Database workload characteristics and their impact on storage architecture design – part 5 – Query Execution Plans

Welcome to part 5 of the Database workload characteristics series. Databases are considered to be one of the biggest I/O consumers in the virtual infrastructure. Database operations and database design are a study upon themselves, but I thought it might be interested to take a small peak underneath the surface of database design land. I turned to our resident Database expert Bala Narasimhan, PernixData’s VP of products to provide some insights about the database designs and their I/O preferences.

Previous instalments of the series:

Part 1 – Database Structures
Part 2 – Data pipelines
Part 3 – Ancillary structures for tuning databases
Part 4 – NoSQL platforms

Databases are a critical application for the enterprise and usually have demanding storage performance requirements. In this blog post I will describe how to understand the storage performance requirements of a database at the query level using database tools. I’ll then explain why PernixData FVP helps not only to solve the database storage performance problem but also the database manageability problem that manifests itself when storage performance becomes a bottleneck. Throughout the discussion I will use SQL Server as an example database although the principles apply across the board.

Query Execution Plans
When writing code in a language such as C++ one describes the algorithm one wants to execute. For example, implementing a sorting algorithm in C++ means describing the control flow involved in that particular implementation of sorting. This will be different in a bubble sort implementation versus a merge sort implementation and the onus is on the programmer to implement the control flow for each sort algorithm correctly.

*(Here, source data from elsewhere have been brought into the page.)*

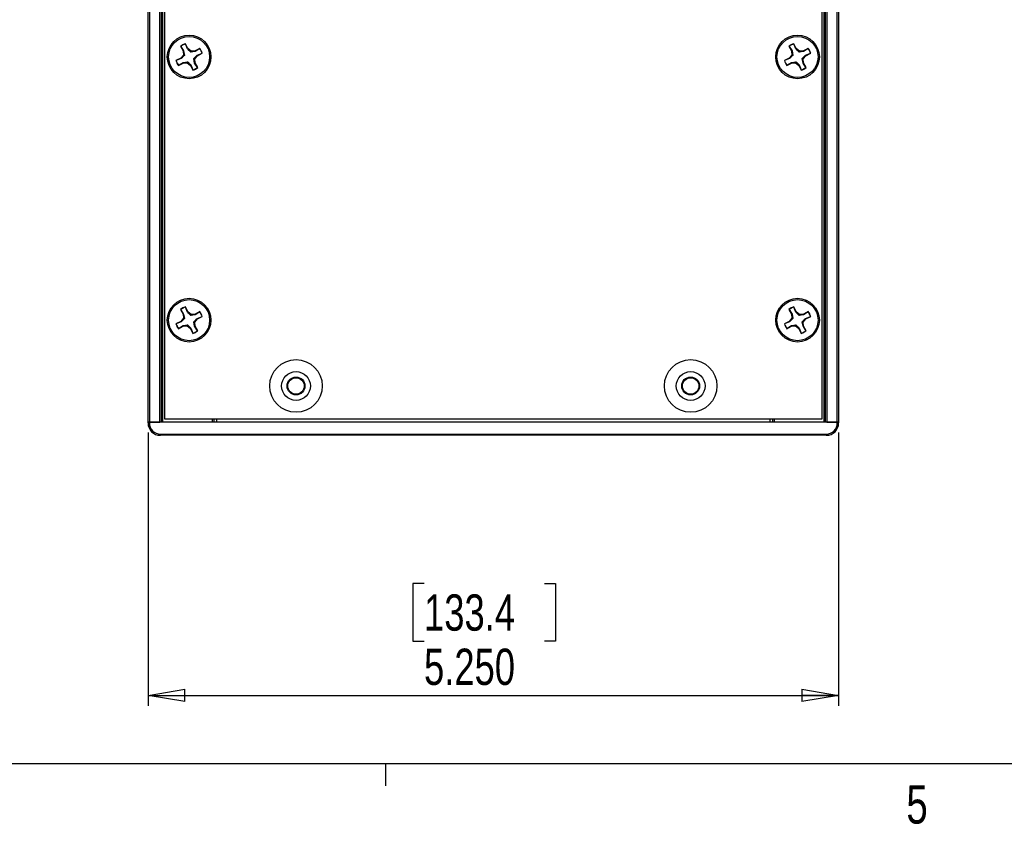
# Paper-space layout 'P3m-V' of a CAD drawing. Header units: inches. Extents: x 0.3 to 33.8, y 0.2 to 21.7.
# Tile 11 of 36: x 11.5 to 15.3, y 0.2 to 3.2. Entities that reach past the tile are written whole.
import ezdxf

# ---------------------------------------------------------------- set-up
doc = ezdxf.new("R2010")
doc.units = ezdxf.units.IN
doc.header["$MEASUREMENT"] = 0
doc.layers.add('BORDERS', color=7, linetype='Continuous')
doc.styles.add('SLDTEXTSTYLE0', font='TXT', dxfattribs={"width": 0.75})
doc.dimstyles.new('SLDDIMSTYLE8', dxfattribs={"dimtxt": 0.137795, "dimasz": 0.14, "dimexe": 0, "dimexo": 0.0625, "dimgap": 0.034449, "dimtad": 1, "dimdec": 3, "dimlfac": 2, "dimrnd": 1e-09, "dimzin": 4, "dimdsep": 46, "dimtxsty": 'SLDTEXTSTYLE0', "dimblk1": 'CLOSED', "dimblk2": 'CLOSED', "dimsah": 1, "dimcen": 0.09, "dimadec": 0, "dimazin": 1, "dimtfac": 1, "dimtdec": 3, "dimtofl": 0, "dimtmove": 0, "dimatfit": 3, "dimldrblk": 'CLOSED', "dimfxl": 0, "dimfrac": 2, "dimtolj": 1, "dimtzin": 12, "dimarcsym": 0})

# ---------------------------------------------------------------- blocks, each defined once
blk = doc.blocks.new('_Closed')
at = {"color": 0, "linetype": 'ByBlock', "lineweight": -2}
for p, q in [((-1, 0.166667), (0, 0)), ((-1, 0.166667), (-1, -0.166667)), ((0, 0), (-1, -0.166667)), ((0, 0), (-1, 0))]:
    blk.add_line(p, q, dxfattribs=at)
blk = doc.blocks.new('_D_49')
at = {"layer": 'BORDERS'}
for p, q in [((11.9955, 1.6679), (11.9955, 0.6298)), ((14.6205, 1.6679), (14.6205, 0.6298)), ((13.0446, 1.0941), (13.0026, 1.0941)), ((13.0026, 1.0941), (13.0026, 0.8753)), ((13.5027, 1.0941), (13.5447, 1.0941)), ((13.5447, 1.0941), (13.5447, 0.8753)), ((13.0026, 0.8753), (13.0446, 0.8753)), ((13.5447, 0.8753), (13.5027, 0.8753)), ((11.9955, 0.6692), (14.6205, 0.6692))]:
    blk.add_line(p, q, dxfattribs=at)
at = {"layer": 'BORDERS', "xscale": 0.14, "yscale": 0.14, "rotation": 180.0000000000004}
blk.add_blockref('_Closed', (11.9955, 0.6692, 0.9702), dxfattribs=at)
at = {"layer": 'BORDERS', "xscale": 0.14, "yscale": 0.14}
blk.add_blockref('_Closed', (14.6205, 0.6692, 0.9702), dxfattribs=at)
at = {"layer": 'BORDERS', "char_height": 0.1378, "attachment_point": 1, "style": 'SLDTEXTSTYLE0'}
for s, insert in [('133.4', (13.0446, 1.053)), ('5.250', (13.0446, 0.8468))]:
    blk.add_mtext(s, dxfattribs=dict(at, insert=insert))

psp = doc.layouts.new('P3m-V')

# ---------------------------------------------------------------- linework, layer by layer
at = {"color": 7, "linetype": 'Continuous', "lineweight": 25}
for p, q in [((11.9955, 1.7073), (11.9955, 16.7323)), ((12.0005, 16.7323), (12.0005, 1.7073)), ((12.0405, 1.7073), (12.0405, 16.7323)), ((12.0455, 16.7323), (12.0455, 1.7073)), ((12.0505, 16.7323), (12.0505, 1.7073)), ((14.5655, 1.7073), (14.5655, 16.7323)), ((14.5705, 1.7073), (14.5705, 16.7323)), ((14.5755, 16.7323), (14.5755, 1.7073)), ((14.6155, 1.7073), (14.6155, 16.7323)), ((14.6205, 16.7323), (14.6205, 1.7073)), ((12.058, 5.2073), (12.058, 1.7198)), ((14.558, 1.7198), (14.558, 5.2073)), ((12.13785, 3.14411), (12.13787, 3.14492)), ((12.14516, 3.12534), (12.13785, 3.14411)), ((12.14708, 3.12685), (12.13787, 3.14492)), ((14.45035, 3.14411), (14.45037, 3.14492)), ((14.45766, 3.12534), (14.45035, 3.14411)), ((14.45958, 3.12685), (14.45037, 3.14492)), ((12.11934, 3.13547), (12.12855, 3.1174)), ((12.12, 3.13501), (12.11934, 3.13547)), ((12.12, 3.13501), (12.1309, 3.11807)), ((12.1309, 3.11807), (12.12855, 3.1174)), ((12.12855, 3.1174), (12.12977, 3.10193)), ((12.1309, 3.11807), (12.13349, 3.10073)), ((12.14516, 3.12534), (12.14708, 3.12685)), ((12.15888, 3.11678), (12.14708, 3.12685)), ((12.15768, 3.11307), (12.15888, 3.11678)), ((12.17502, 3.11565), (12.15768, 3.11307)), ((12.17435, 3.118), (12.15888, 3.11678)), ((12.19241, 3.12722), (12.17435, 3.118)), ((12.17502, 3.11565), (12.17435, 3.118)), ((12.19196, 3.12655), (12.17502, 3.11565)), ((12.18229, 3.10139), (12.20106, 3.1087)), ((12.1838, 3.09947), (12.20186, 3.10869)), ((12.19196, 3.12655), (12.19241, 3.12722)), ((12.20106, 3.1087), (12.20186, 3.10869)), ((14.43184, 3.13547), (14.44105, 3.1174)), ((14.4325, 3.13501), (14.43184, 3.13547)), ((14.4325, 3.13501), (14.4434, 3.11807)), ((14.4434, 3.11807), (14.44105, 3.1174)), ((14.44105, 3.1174), (14.44227, 3.10193)), ((14.4434, 3.11807), (14.44599, 3.10073)), ((14.45766, 3.12534), (14.45958, 3.12685)), ((14.47138, 3.11678), (14.45958, 3.12685)), ((14.47018, 3.11307), (14.47138, 3.11678)), ((14.48752, 3.11565), (14.47018, 3.11307)), ((14.48685, 3.118), (14.47138, 3.11678)), ((14.50491, 3.12722), (14.48685, 3.118)), ((14.48752, 3.11565), (14.48685, 3.118)), ((14.50446, 3.12655), (14.48752, 3.11565)), ((14.49479, 3.10139), (14.51356, 3.1087)), ((14.4963, 3.09947), (14.51436, 3.10869)), ((14.50446, 3.12655), (14.50491, 3.12722)), ((14.51356, 3.1087), (14.51436, 3.10869)), ((12.1197, 3.09013), (12.10164, 3.08092)), ((12.10245, 3.0809), (12.10164, 3.08092)), ((12.12121, 3.08821), (12.10245, 3.0809)), ((12.11109, 3.06239), (12.12915, 3.0716)), ((12.11155, 3.06305), (12.12849, 3.07395)), ((12.12977, 3.10193), (12.1197, 3.09013)), ((12.12121, 3.08821), (12.1197, 3.09013)), ((12.12849, 3.07395), (12.14582, 3.07654)), ((12.12849, 3.07395), (12.12915, 3.0716)), ((12.12915, 3.0716), (12.14462, 3.07283)), ((12.13349, 3.10073), (12.12977, 3.10193)), ((12.14582, 3.07654), (12.14462, 3.07283)), ((12.14462, 3.07283), (12.15642, 3.06275)), ((12.17002, 3.08888), (12.17373, 3.08767)), ((12.1726, 3.07154), (12.17002, 3.08888)), ((12.1726, 3.07154), (12.17495, 3.0722)), ((12.1835, 3.0546), (12.1726, 3.07154)), ((12.17373, 3.08767), (12.1838, 3.09947)), ((12.17495, 3.0722), (12.17373, 3.08767)), ((12.18416, 3.05414), (12.17495, 3.0722)), ((12.18229, 3.10139), (12.1838, 3.09947)), ((14.4322, 3.09013), (14.41414, 3.08092)), ((14.41495, 3.0809), (14.41414, 3.08092)), ((14.43371, 3.08821), (14.41495, 3.0809)), ((14.42359, 3.06239), (14.44165, 3.0716)), ((14.42405, 3.06305), (14.44099, 3.07395)), ((14.44227, 3.10193), (14.4322, 3.09013)), ((14.43371, 3.08821), (14.4322, 3.09013)), ((14.44099, 3.07395), (14.45832, 3.07654)), ((14.44099, 3.07395), (14.44165, 3.0716)), ((14.44165, 3.0716), (14.45712, 3.07283)), ((14.44599, 3.10073), (14.44227, 3.10193)), ((14.45832, 3.07654), (14.45712, 3.07283)), ((14.45712, 3.07283), (14.46892, 3.06275)), ((14.4851, 3.07154), (14.48252, 3.08888)), ((14.48252, 3.08888), (14.48623, 3.08767)), ((14.4851, 3.07154), (14.48745, 3.0722)), ((14.496, 3.0546), (14.4851, 3.07154)), ((14.48623, 3.08767), (14.4963, 3.09947)), ((14.48745, 3.0722), (14.48623, 3.08767)), ((14.49666, 3.05414), (14.48745, 3.0722)), ((14.49479, 3.10139), (14.4963, 3.09947)), ((12.11155, 3.06305), (12.11109, 3.06239)), ((12.15834, 3.06426), (12.15642, 3.06275)), ((12.15642, 3.06275), (12.16563, 3.04469)), ((12.15834, 3.06426), (12.16565, 3.0455)), ((12.16565, 3.0455), (12.16563, 3.04469)), ((12.1835, 3.0546), (12.18416, 3.05414)), ((14.42405, 3.06305), (14.42359, 3.06239)), ((14.47084, 3.06426), (14.46892, 3.06275)), ((14.46892, 3.06275), (14.47813, 3.04469)), ((14.47084, 3.06426), (14.47815, 3.0455)), ((14.47815, 3.0455), (14.47813, 3.04469)), ((14.496, 3.0546), (14.49666, 3.05414)), ((12.11934, 2.13547), (12.12855, 2.1174)), ((12.12, 2.13501), (12.11934, 2.13547)), ((12.12, 2.13501), (12.1309, 2.11807)), ((12.13785, 2.14411), (12.13787, 2.14492)), ((12.14516, 2.12534), (12.13785, 2.14411)), ((12.14708, 2.12685), (12.13787, 2.14492)), ((14.43184, 2.13547), (14.44105, 2.1174)), ((14.4325, 2.13501), (14.43184, 2.13547)), ((14.4325, 2.13501), (14.4434, 2.11807)), ((14.45035, 2.14411), (14.45037, 2.14492)), ((14.45766, 2.12534), (14.45035, 2.14411)), ((14.45958, 2.12685), (14.45037, 2.14492)), ((12.12977, 2.10193), (12.1197, 2.09013)), ((12.1309, 2.11807), (12.12855, 2.1174)), ((12.12855, 2.1174), (12.12977, 2.10193)), ((12.13349, 2.10073), (12.12977, 2.10193)), ((12.1309, 2.11807), (12.13349, 2.10073)), ((12.14516, 2.12534), (12.14708, 2.12685)), ((12.15888, 2.11678), (12.14708, 2.12685)), ((12.15768, 2.11307), (12.15888, 2.11678)), ((12.17502, 2.11565), (12.15768, 2.11307)), ((12.17435, 2.118), (12.15888, 2.11678)), ((12.17373, 2.08767), (12.1838, 2.09947)), ((12.19241, 2.12722), (12.17435, 2.118)), ((12.17502, 2.11565), (12.17435, 2.118)), ((12.19196, 2.12655), (12.17502, 2.11565)), ((12.18229, 2.10139), (12.20106, 2.1087)), ((12.18229, 2.10139), (12.1838, 2.09947)), ((12.1838, 2.09947), (12.20186, 2.10869)), ((12.19196, 2.12655), (12.19241, 2.12722)), ((12.20106, 2.1087), (12.20186, 2.10869)), ((14.44227, 2.10193), (14.4322, 2.09013)), ((14.4434, 2.11807), (14.44105, 2.1174)), ((14.44105, 2.1174), (14.44227, 2.10193)), ((14.44599, 2.10073), (14.44227, 2.10193)), ((14.4434, 2.11807), (14.44599, 2.10073)), ((14.45766, 2.12534), (14.45958, 2.12685)), ((14.47138, 2.11678), (14.45958, 2.12685)), ((14.47018, 2.11307), (14.47138, 2.11678)), ((14.48752, 2.11565), (14.47018, 2.11307)), ((14.48685, 2.118), (14.47138, 2.11678)), ((14.48623, 2.08767), (14.4963, 2.09947)), ((14.50491, 2.12722), (14.48685, 2.118)), ((14.48752, 2.11565), (14.48685, 2.118)), ((14.50446, 2.12655), (14.48752, 2.11565)), ((14.49479, 2.10139), (14.51356, 2.1087)), ((14.49479, 2.10139), (14.4963, 2.09947)), ((14.4963, 2.09947), (14.51436, 2.10869)), ((14.50446, 2.12655), (14.50491, 2.12722)), ((14.51356, 2.1087), (14.51436, 2.10869)), ((12.1197, 2.09013), (12.10164, 2.08092)), ((12.10245, 2.0809), (12.10164, 2.08092)), ((12.12121, 2.08821), (12.10245, 2.0809)), ((12.11109, 2.06239), (12.12915, 2.0716)), ((12.11155, 2.06305), (12.11109, 2.06239)), ((12.11155, 2.06305), (12.12849, 2.07395)), ((12.12121, 2.08821), (12.1197, 2.09013)), ((12.12849, 2.07395), (12.14582, 2.07654)), ((12.12849, 2.07395), (12.12915, 2.0716)), ((12.12915, 2.0716), (12.14462, 2.07283)), ((12.14582, 2.07654), (12.14462, 2.07283)), ((12.14462, 2.07283), (12.15642, 2.06275)), ((12.15834, 2.06426), (12.15642, 2.06275)), ((12.15642, 2.06275), (12.16563, 2.04469)), ((12.15834, 2.06426), (12.16565, 2.0455)), ((12.17002, 2.08888), (12.17373, 2.08767)), ((12.1726, 2.07154), (12.17002, 2.08888)), ((12.1726, 2.07154), (12.17495, 2.0722)), ((12.1835, 2.0546), (12.1726, 2.07154)), ((12.17495, 2.0722), (12.17373, 2.08767)), ((12.18416, 2.05414), (12.17495, 2.0722)), ((14.4322, 2.09013), (14.41414, 2.08092)), ((14.41495, 2.0809), (14.41414, 2.08092)), ((14.43371, 2.08821), (14.41495, 2.0809)), ((14.42359, 2.06239), (14.44165, 2.0716)), ((14.42405, 2.06305), (14.42359, 2.06239)), ((14.42405, 2.06305), (14.44099, 2.07395)), ((14.43371, 2.08821), (14.4322, 2.09013)), ((14.44099, 2.07395), (14.45832, 2.07654)), ((14.44099, 2.07395), (14.44165, 2.0716)), ((14.44165, 2.0716), (14.45712, 2.07283)), ((14.45832, 2.07654), (14.45712, 2.07283)), ((14.45712, 2.07283), (14.46892, 2.06275)), ((14.47084, 2.06426), (14.46892, 2.06275)), ((14.46892, 2.06275), (14.47813, 2.04469)), ((14.47084, 2.06426), (14.47815, 2.0455)), ((14.4851, 2.07154), (14.48252, 2.08888)), ((14.48252, 2.08888), (14.48623, 2.08767)), ((14.4851, 2.07154), (14.48745, 2.0722)), ((14.496, 2.0546), (14.4851, 2.07154)), ((14.48745, 2.0722), (14.48623, 2.08767)), ((14.49666, 2.05414), (14.48745, 2.0722)), ((12.16565, 2.0455), (12.16563, 2.04469)), ((12.1835, 2.0546), (12.18416, 2.05414)), ((14.47815, 2.0455), (14.47813, 2.04469)), ((14.496, 2.0546), (14.49666, 2.05414)), ((12.0005, 1.7073), (11.9955, 1.7073)), ((11.9955, 1.70418), (11.9955, 1.7073)), ((11.9955, 1.7073), (12.0005, 1.7073)), ((12.0005, 1.70418), (11.9955, 1.70418)), ((12.0005, 1.7073), (12.0405, 1.7073)), ((12.0005, 1.7073), (12.0005, 1.70418)), ((14.6155, 1.7073), (12.0005, 1.7073)), ((12.058, 1.7198), (14.558, 1.7198)), ((12.2405, 1.7073), (12.2405, 1.7198)), ((12.2455, 1.7198), (12.2455, 1.7073)), ((12.2555, 1.7198), (12.2555, 1.7073)), ((14.3605, 1.7073), (14.3605, 1.7198)), ((14.3705, 1.7073), (14.3705, 1.7198)), ((14.3755, 1.7198), (14.3755, 1.7073)), ((14.5755, 1.7073), (14.6155, 1.7073)), ((14.6205, 1.7073), (14.6155, 1.7073)), ((14.6155, 1.7073), (14.6205, 1.7073)), ((14.6155, 1.70418), (14.6155, 1.7073)), ((14.6155, 1.70418), (14.6205, 1.70418)), ((14.6205, 1.7073), (14.6205, 1.70418)), ((12.04238, 1.6623), (12.04238, 1.6573)), ((12.04238, 1.6623), (14.57363, 1.6623)), ((14.57363, 1.6573), (12.04238, 1.6573)), ((14.57363, 1.6623), (14.57363, 1.6573))]:
    psp.add_line(p, q, dxfattribs=at)
for centre, radius in [((12.15175, 3.0948), 0.083), ((12.15175, 3.0948), 0.078), ((14.46425, 3.0948), 0.083), ((14.46425, 3.0948), 0.078), ((12.15175, 2.0948), 0.083), ((12.15175, 2.0948), 0.078), ((14.46425, 2.0948), 0.083), ((14.46425, 2.0948), 0.078), ((12.558, 1.8448), 0.1), ((14.058, 1.8448), 0.1), ((12.558, 1.8448), 0.05469), ((12.558, 1.8448), 0.034), ((12.558, 1.8448), 0.03123), ((14.058, 1.8448), 0.05469), ((14.058, 1.8448), 0.034), ((14.058, 1.8448), 0.03123)]:
    psp.add_circle(centre, radius, dxfattribs=at)
for centre, radius, start, end in [((12.15175, 3.0948), 0.052, 105.48493, 128.55885), ((12.15175, 3.0948), 0.05123, 105.74574, 128.29804), ((14.46425, 3.0948), 0.052, 105.48493, 128.55885), ((14.46425, 3.0948), 0.05123, 105.74574, 128.29804), ((12.15175, 3.0948), 0.05123, 15.74574, 38.29804), ((12.15175, 3.0948), 0.052, 15.48493, 38.55885), ((14.46425, 3.0948), 0.05123, 15.74574, 38.29804), ((14.46425, 3.0948), 0.052, 15.48493, 38.55885), ((12.15175, 3.0948), 0.052, 195.48493, 218.55885), ((12.15175, 3.0948), 0.05123, 195.74574, 218.29804), ((14.46425, 3.0948), 0.052, 195.48493, 218.55885), ((14.46425, 3.0948), 0.05123, 195.74574, 218.29804), ((12.15175, 3.0948), 0.052, 285.48493, 308.55885), ((12.15175, 3.0948), 0.05123, 285.74574, 308.29804), ((14.46425, 3.0948), 0.052, 285.48493, 308.55885), ((14.46425, 3.0948), 0.05123, 285.74574, 308.29804), ((12.15175, 2.0948), 0.052, 105.48493, 128.55885), ((12.15175, 2.0948), 0.05123, 105.74574, 128.29804), ((14.46425, 2.0948), 0.052, 105.48493, 128.55885), ((14.46425, 2.0948), 0.05123, 105.74574, 128.29804), ((12.15175, 2.0948), 0.05123, 15.74574, 38.29804), ((12.15175, 2.0948), 0.052, 15.48493, 38.55885), ((14.46425, 2.0948), 0.05123, 15.74574, 38.29804), ((14.46425, 2.0948), 0.052, 15.48493, 38.55885), ((12.15175, 2.0948), 0.052, 195.48493, 218.55885), ((12.15175, 2.0948), 0.05123, 195.74574, 218.29804), ((14.46425, 2.0948), 0.052, 195.48493, 218.55885), ((14.46425, 2.0948), 0.05123, 195.74574, 218.29804), ((12.15175, 2.0948), 0.052, 285.48493, 308.55885), ((12.15175, 2.0948), 0.05123, 285.74574, 308.29804), ((14.46425, 2.0948), 0.052, 285.48493, 308.55885), ((14.46425, 2.0948), 0.05123, 285.74574, 308.29804), ((12.04238, 1.70418), 0.04688, 180, 270), ((12.04238, 1.70418), 0.04187, 180, 270), ((14.57363, 1.70418), 0.04688, 270, 0), ((14.57363, 1.70418), 0.04188, 270, 0)]:
    psp.add_arc(centre, radius, start, end, dxfattribs=at)
for points in [[(12.15768, 3.11307), (12.15451, 3.11611), (12.15003, 3.12041), (12.14627, 3.12422), (12.14516, 3.12534)], [(14.47018, 3.11307), (14.46701, 3.11611), (14.46253, 3.12041), (14.45877, 3.12422), (14.45766, 3.12534)], [(12.13349, 3.10073), (12.13045, 3.09757), (12.12614, 3.09308), (12.12233, 3.08932), (12.12121, 3.08821)], [(12.14582, 3.07654), (12.14899, 3.0735), (12.15347, 3.06919), (12.15723, 3.06539), (12.15834, 3.06426)], [(12.17002, 3.08888), (12.17305, 3.09204), (12.17736, 3.09652), (12.18117, 3.10028), (12.18229, 3.10139)], [(14.44599, 3.10073), (14.44295, 3.09757), (14.43864, 3.09308), (14.43483, 3.08932), (14.43371, 3.08821)], [(14.45832, 3.07654), (14.46149, 3.0735), (14.46597, 3.06919), (14.46973, 3.06539), (14.47084, 3.06426)], [(14.48252, 3.08888), (14.48555, 3.09204), (14.48986, 3.09652), (14.49367, 3.10028), (14.49479, 3.10139)], [(12.13349, 2.10073), (12.13045, 2.09757), (12.12614, 2.09308), (12.12233, 2.08932), (12.12121, 2.08821)], [(12.15768, 2.11307), (12.15451, 2.11611), (12.15003, 2.12041), (12.14627, 2.12422), (12.14516, 2.12534)], [(12.17002, 2.08888), (12.17305, 2.09204), (12.17736, 2.09652), (12.18117, 2.10028), (12.18229, 2.10139)], [(14.44599, 2.10073), (14.44295, 2.09757), (14.43864, 2.09308), (14.43483, 2.08932), (14.43371, 2.08821)], [(14.47018, 2.11307), (14.46701, 2.11611), (14.46253, 2.12041), (14.45877, 2.12422), (14.45766, 2.12534)], [(14.48252, 2.08888), (14.48555, 2.09204), (14.48986, 2.09652), (14.49367, 2.10028), (14.49479, 2.10139)], [(12.14582, 2.07654), (12.14899, 2.0735), (12.15347, 2.06919), (12.15723, 2.06539), (12.15834, 2.06426)], [(14.45832, 2.07654), (14.46149, 2.0735), (14.46597, 2.06919), (14.46973, 2.06539), (14.47084, 2.06426)]]:
    psp.add_open_spline(points, degree=3, knots=[0, 0, 0, 0, 0.7055493, 1, 1, 1, 1], dxfattribs=at)
at = {"layer": 'BORDERS', "lineweight": 25}
psp.add_line((0.52288, 0.4106), (33.52288, 0.4106), dxfattribs=at)
at = {"layer": 'BORDERS'}
psp.add_line((12.89788, 0.4106), (12.89788, 0.3258), dxfattribs=at)

# ---------------------------------------------------------------- texts
at = {"layer": 'BORDERS', "color": 7, "insert": (14.87795, 0.32802), "char_height": 0.14583, "attachment_point": 1, "style": 'SLDTEXTSTYLE0'}
psp.add_mtext('5', dxfattribs=at)

# ---------------------------------------------------------------- dimensions: what is measured, and where the dimension line sits
at = {"layer": 'BORDERS'}
dim = psp.add_linear_dim(base=(14.6205, 0.66916), p1=(11.9955, 1.7073), p2=(14.6205, 1.7073), dimstyle='SLDDIMSTYLE8', dxfattribs=at)
dim.commit()
dim.dimension.update_dxf_attribs({"geometry": '_D_49', "text_midpoint": (13.27366, 0.66916), "dimtype": 160})

doc.saveas('drawing.dxf')

In contrast, SQL is a declarative language. SQL statements simply describe what the end user wants to do. The control flow is something the database decides. For example, when joining two tables the database decides whether to execute a hash join, a merge join or a nested loop join. The user doesn’t decide this. The user simply executes a SQL statement that performs a join of two tables without any mention of the actual join algorithm to use.

The component within the database that comes up with the plan on how to execute the SQL statement is usually called the query optimizer. The query optimizer searches the entire space of possible execution plans for a given SQL statement and tries to pick the optimal one. As you can imagine this problem of picking the most optimal plan out of all possible plans can be computationally intensive.

SQL’s declarative nature can be sub-optimal for query performance because the query optimizer might not always pick the best possible query plan. This is usually because it doesn’t have full information regarding a number of critical components such as the kind of infrastructure in place, the load on the system when the SQL statement is run or the properties of the data. . One example of where this can manifest is called Join Ordering. Suppose you run a SQL query that joins three tables T1, T2, and T3. What order will you join these tables in? Will you join T1 and T2 first or will you join T1 and T3 first? Maybe you should join T2 and T3 first instead. Picking the wrong order can be hugely detrimental for query performance. This means that database users and DBAs usually end up tuning databases extensively. In turn this adds both an operational and a cost overhead.

Query Optimization in Action
Let’s take a concrete example to better understand query optimization. Below is a SQL statement from a TPC-H like benchmark.

select top 20 c_custkey, c_name, sum(l_extendedprice * (1 - l_discount)) as revenue, c_acctbal, n_name, c_address, c_phone, c_comment from customer, orders, lineitem, nation where c_custkey = o_custkey and l_orderkey = o_orderkey and o_orderdate >= ':1' and o_orderdate < dateadd(mm,3,cast(':1'as datetime)) and l_returnflag = 'R' and c_nationkey = n_nationkey group by c_custkey, c_name, c_acctbal, c_phone, n_name, c_address, c_comment order by revenue;

The SQL statement finds the top 20 customers, in terms of their effect on lost revenue for a given quarter, who have returned parts they bought.
Before you run this query against your database you can find out what query plan the optimizer is going to choose and how much it is going to cost you. Figure 1 depicts the query plan for this SQL statement from SQL Server 2014 [You can learn how to generate a query plan for any SQL statement on SQL Server at


You should read the query plan from right to left. The direction of the arrow depicts the flow of control as the query executes. Each node in the plan is an operation that the database will perform in order to execute the query. You’ll notice how this query starts off with two Scans. These are I/O operations (scans) from the tables involved in the query. These scans are I/O intensive and are usually throughput bound. In data warehousing environments block sizes could be pretty large as well.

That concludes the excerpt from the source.